Robert Goble’s novel Across A Harvested Field (Amazon | Parables) won the Marilyn Brown unpublished novel award earlier this year. Before we get to the interview, here’s the back cover blurb so you have a sense of what the novel is about (and also note its spiffy new cover art):
“To Jordan Fairchild, the dark-haired girl renting his basement apartment seems somewhat quiet and reclusive. Just a business arrangement, he thinks, as he watches her sign the name “Nattie Hand” on the contract. Though two thousand miles away, Celeste Betancourt, an attractive Georgetown graduate student he met through a mutual friend, has captured his attention. A budding friendship with Nattie soon begins to bloom. Little does Jordan know his girl-next-door renter is none other than the world-famous pop star, a.k.a. Natalia Antonali, who recently disappeared from the public eye; little does he know how much his friendship will come to mean to her, how, for the first time a love begins to grow, untainted by “Natalia,” and how she hopes Jordan never discovers the truth.”
For more about Robert, see his Facebook page, and read this LDS Living profile written by my sister Katherine.
I think by now most of our readers have heard about how you wrote Across A Harvested Field primarily during your lunch breaks at the school you work at as well as in the evening at home. I’d like to go back further than that — when and how did you first decide to begin writing fiction? And what was the genesis for the story that became Across a Harvested Field?
I’ve always been a book lover.
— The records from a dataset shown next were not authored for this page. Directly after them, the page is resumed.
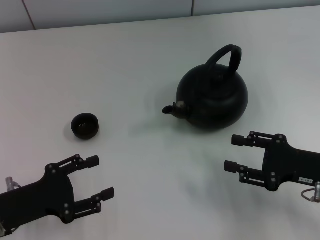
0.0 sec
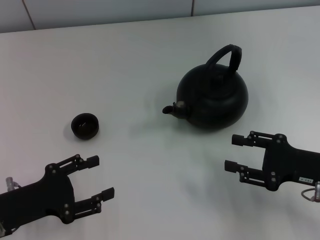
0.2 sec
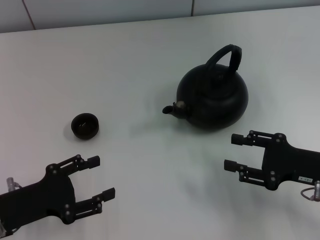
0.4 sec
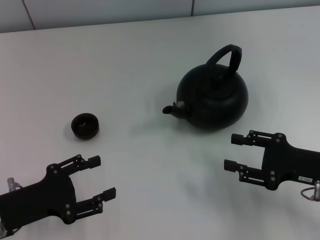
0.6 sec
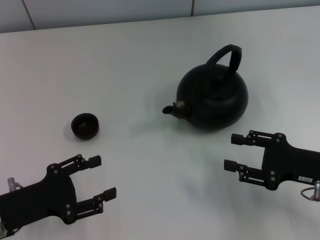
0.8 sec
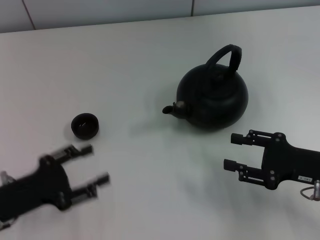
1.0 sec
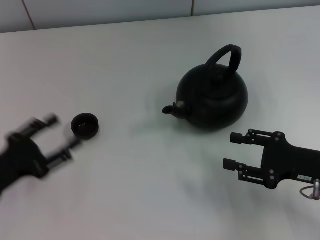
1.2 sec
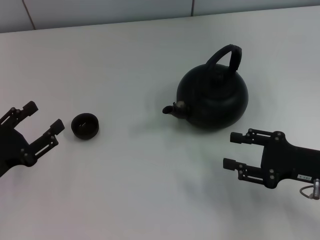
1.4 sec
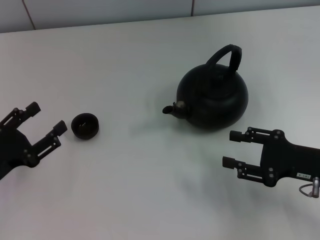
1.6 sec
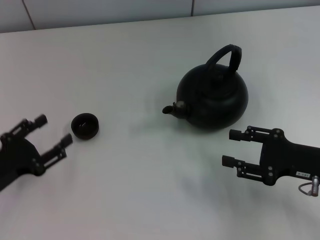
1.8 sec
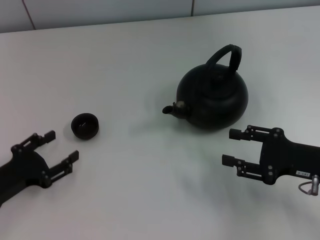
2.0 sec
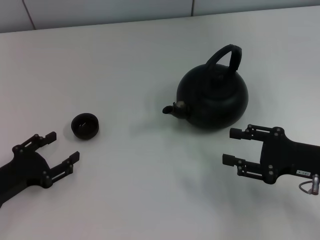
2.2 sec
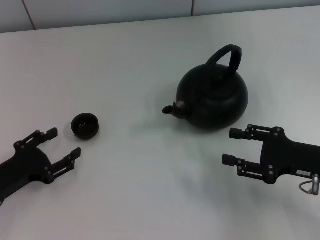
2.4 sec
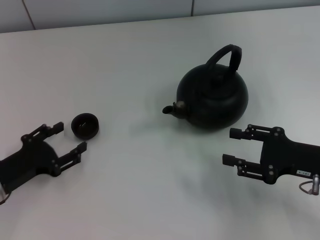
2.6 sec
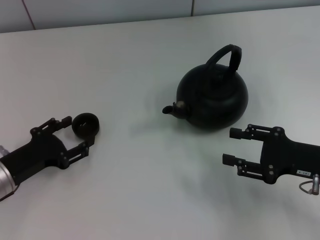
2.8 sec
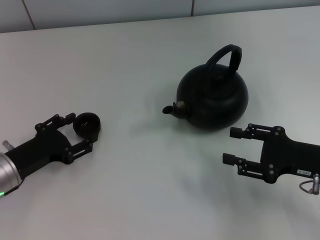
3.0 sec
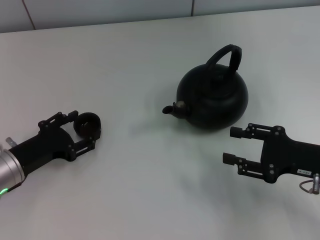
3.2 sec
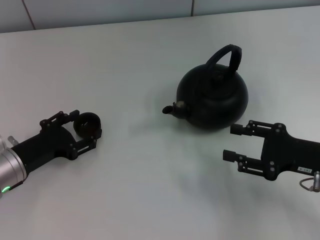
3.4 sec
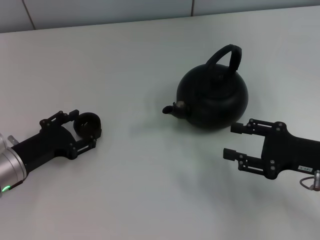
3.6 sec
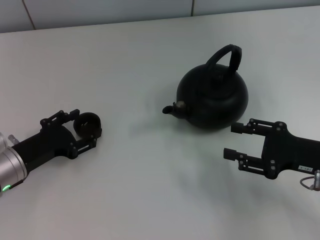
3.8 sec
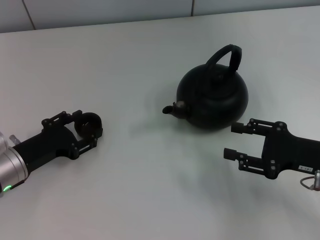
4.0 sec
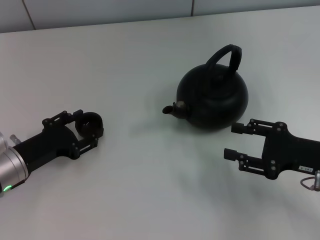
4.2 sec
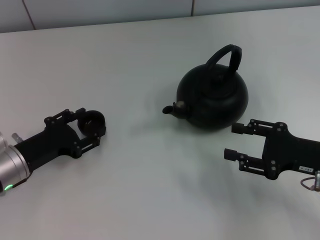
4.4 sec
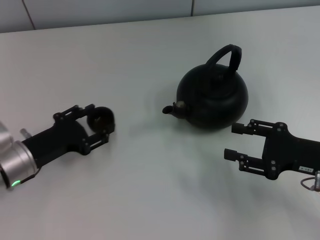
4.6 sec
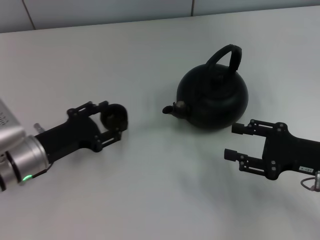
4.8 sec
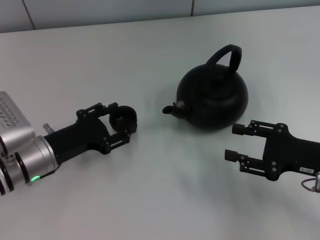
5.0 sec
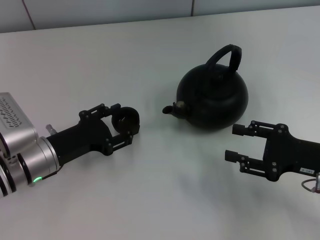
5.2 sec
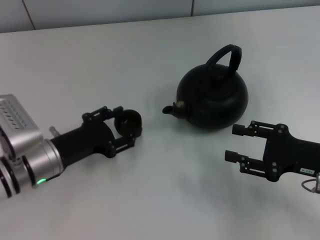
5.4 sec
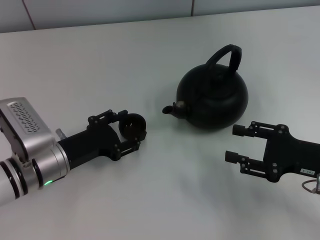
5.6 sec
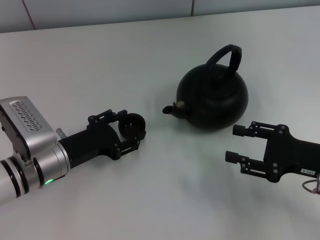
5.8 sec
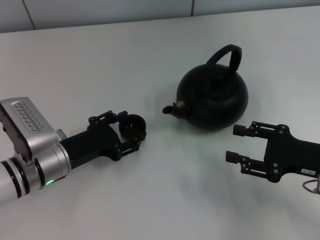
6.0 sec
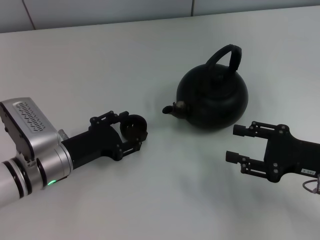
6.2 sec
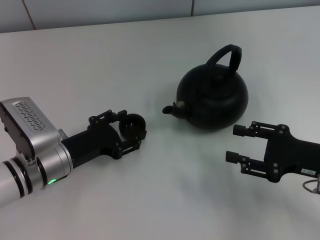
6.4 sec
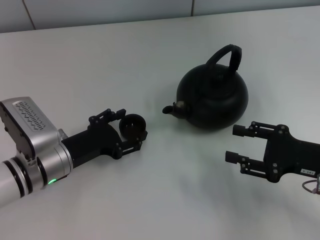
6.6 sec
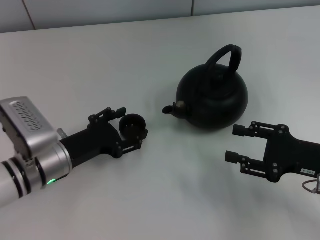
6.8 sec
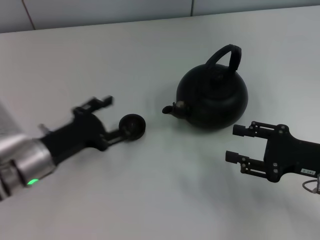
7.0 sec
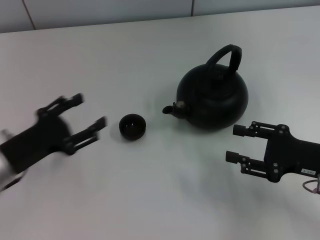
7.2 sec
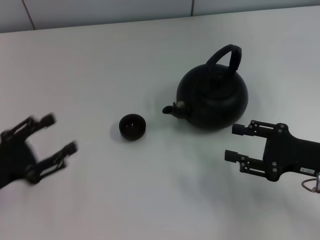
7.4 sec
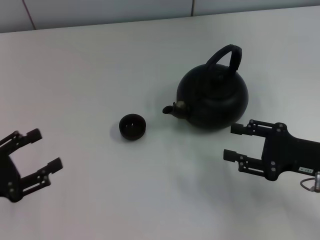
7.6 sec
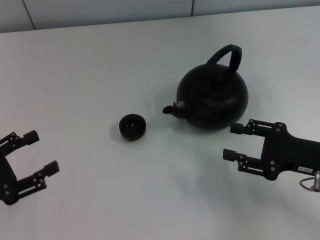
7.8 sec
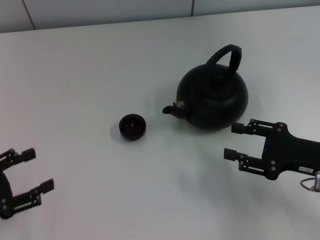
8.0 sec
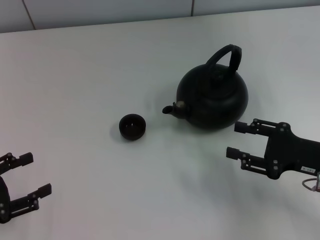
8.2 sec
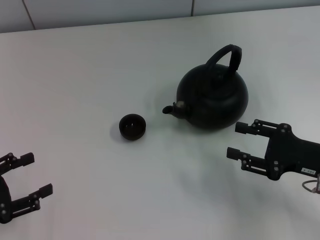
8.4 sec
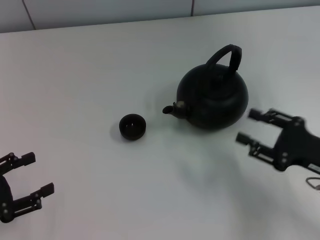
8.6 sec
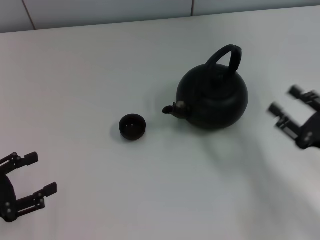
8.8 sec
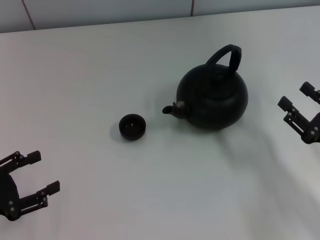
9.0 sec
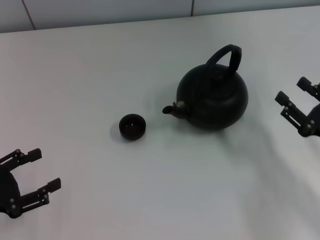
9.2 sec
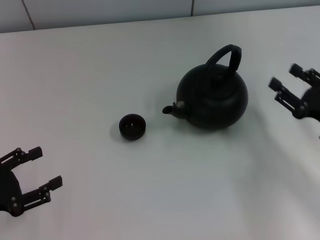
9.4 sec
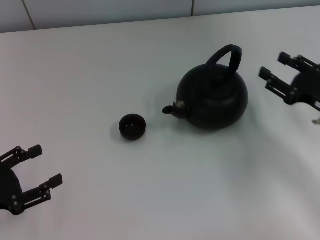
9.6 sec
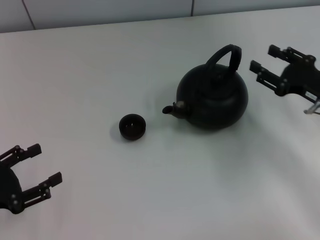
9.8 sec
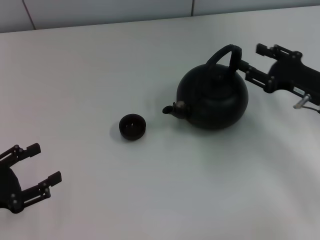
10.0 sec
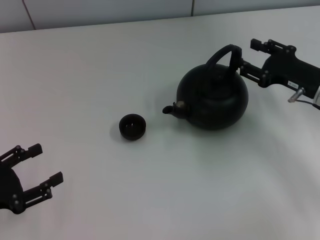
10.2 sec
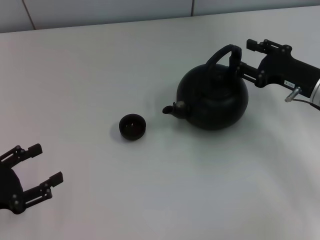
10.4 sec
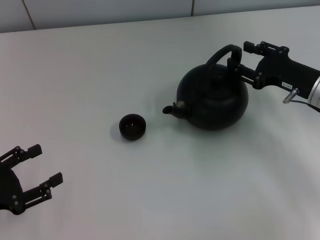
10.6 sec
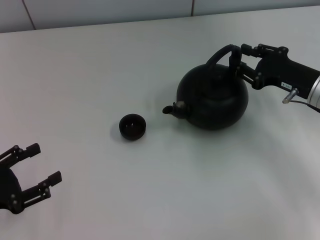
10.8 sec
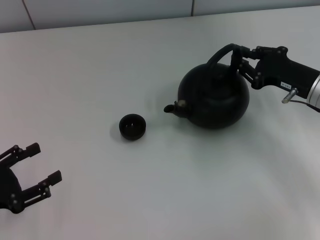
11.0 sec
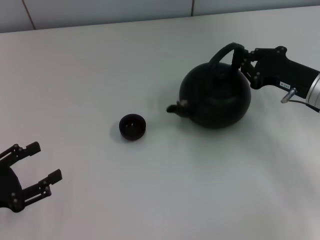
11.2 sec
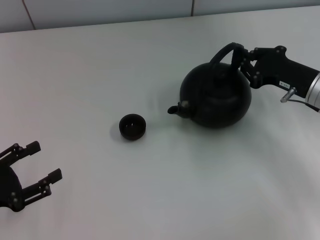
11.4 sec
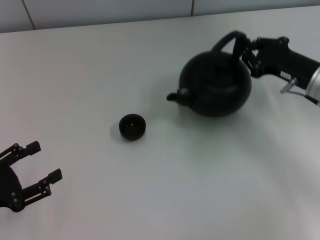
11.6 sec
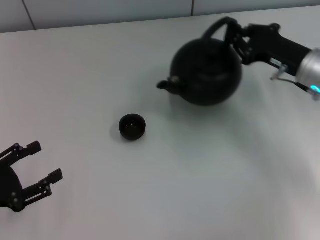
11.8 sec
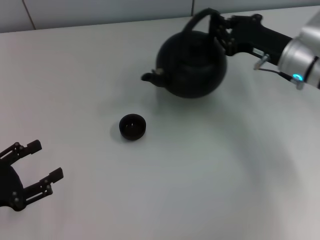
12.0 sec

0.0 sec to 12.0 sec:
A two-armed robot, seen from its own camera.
Task of the whole recording: Grasp the handle of the teapot with one hand and pour tea into the teacup.
Step, 0.0 sec to 4.6 sec: Pick up the teacup with the left gripper.
Step, 4.8 sec to 7.2 sec: Place the teacup in the center of view with the left gripper.
Step, 7.4 sec to 11.6 sec: Pick up the teapot with the right gripper.
1.6 sec to 3.0 sec: The left gripper changes place by about 5 cm.
3.0 sec to 4.4 sec: There are only small adjustments of the grippers.
4.4 sec to 6.0 sec: The left gripper travels to the right by some 5 cm.
6.0 sec to 7.6 sec: The left gripper moves to the left and backward, approximately 15 cm, and opens.
9.0 sec to 10.4 sec: The right gripper shifts some 15 cm forward.
10.4 sec to 12.0 sec: The right gripper changes place by about 5 cm, and closes up.

There were periods of time when I would devour one author’s works after another, whatever I could get my hands on. As a younger reader I tended to focus on authors like Stephen King, Orson Scott Card, Tom Clancy, and Frank Herbert–King and Card being my all time favorites. I look back and picture myself the classic loner bookworm with the aversion to sports, sort of an artsy type who listened to Led Zepplin and wrote bad poetry. It wasn’t until I was an adult that I whole-heartedly discovered the meatier diets, the likes of Tom Wolfe, John Updike, Chaim Potok, John Steinbeck, Charles Dickens, and many, many others I could go on naming. Continue reading “A Q&A with Robert Goble author of Across A Harvested Field”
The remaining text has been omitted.